Комнаты Мерфи – их Серджиус хорошо запомнил.
Серджиус разработал свою личную науку припоминания, чтобы что-то понять, а что-то, чего понять он не мог, – отбросить. Он рассуждал так: запоминаешь обычно то, что постоянно, и то, что аномально. Постоянное запоминаешь потому, что оно все время тебя окружает, само напоминает тебе о себе. А аномальное – потому, что оно резко отличается от привычного, и твой мозг как бы делает поляроидный снимок с того, что кажется странным, на что ты потом вечно продолжаешь смотреть со страхом, с вожделением, со смущением. Например, на соски Стеллы Ким – такие же гладкие и красные, как крашеные острые кончики пасхальных яиц. Вот эти соски, это аномальное зрелище, он запомнил навсегда. А Санта-Клаус – и тот вечер на Пятнадцатой улице? Тоже аномальное, незабываемое, бережно лелеемое в памяти событие. Или то, как покойный кузен Ленни смеялся над его коллекцией марок? Да, тот аномальный случай тоже легко отпечатался в памяти – почти со всей беспощадностью красок. Ровно наоборот – потому, что относились скорее к “постоянному”, – запомнились “альбомы для монет” покойного кузена Ленни, эти жесткие, правительственно-синего цвета папки, куда Серджиус послушно вставлял по три образца линкольновских цента, выпускавшихся каждый год: один, никак не помеченный, отчеканенный в Филадельфии, один – с клеймом “S” – из Сан-Франциско, и еще один, с буквой “D” – денверской чеканки. Эти альбомы для монет вросли в его повседневную реальность и стали как бы мостиком, переброшенным из нью-йоркской жизни Серджиуса в его спальню в Пендл-Эйкр, где он держал их на одной полке с “Историей Фердинанда”. Вот и куда более простой принцип: ты помнишь то, что хранишь при себе. А может быть, и так: ты помнишь то, что хочешь помнить. А то, что ты не можешь хранить при себе, чего никак не хочешь помнить, ты забываешь.

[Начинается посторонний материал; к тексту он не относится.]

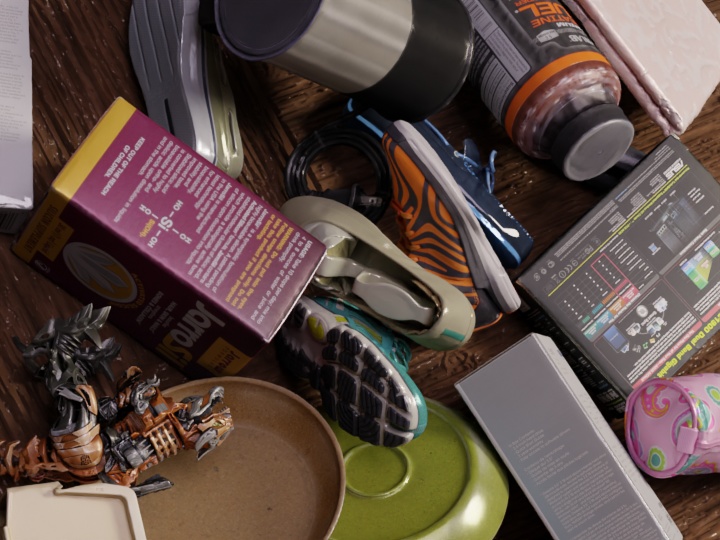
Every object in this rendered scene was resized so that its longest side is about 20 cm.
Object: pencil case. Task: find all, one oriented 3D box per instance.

В силу этих-то законов Серджиус и забыл родителей.
Казалось бы, Томми с Мирьям не должны уйти в забвенье – ведь они-то точно относились к области “постоянного”, – но потом вдруг словно оторвались. Родители были целой воздушной сферой, которая улетела в космос, а после этого стало нечем дышать.
Родителей нельзя было “хранить при себе”: в отличие от “Фердинанда” или альбомов для монет, их Серджиус не привез с собой в Вест-Хаус. Не мог он, пожалуй, и всерьез желать, чтобы умершие каким-то образом ожили. Ни один человек, если он не оказывался в положении Серджиуса, даже не догадывался о том, насколько мало люди по-настоящему помнят хоть о чем-нибудь. Серджиус наблюдал за другими детьми с их родителями и думал: Вы видите, но вы же ничего не помните.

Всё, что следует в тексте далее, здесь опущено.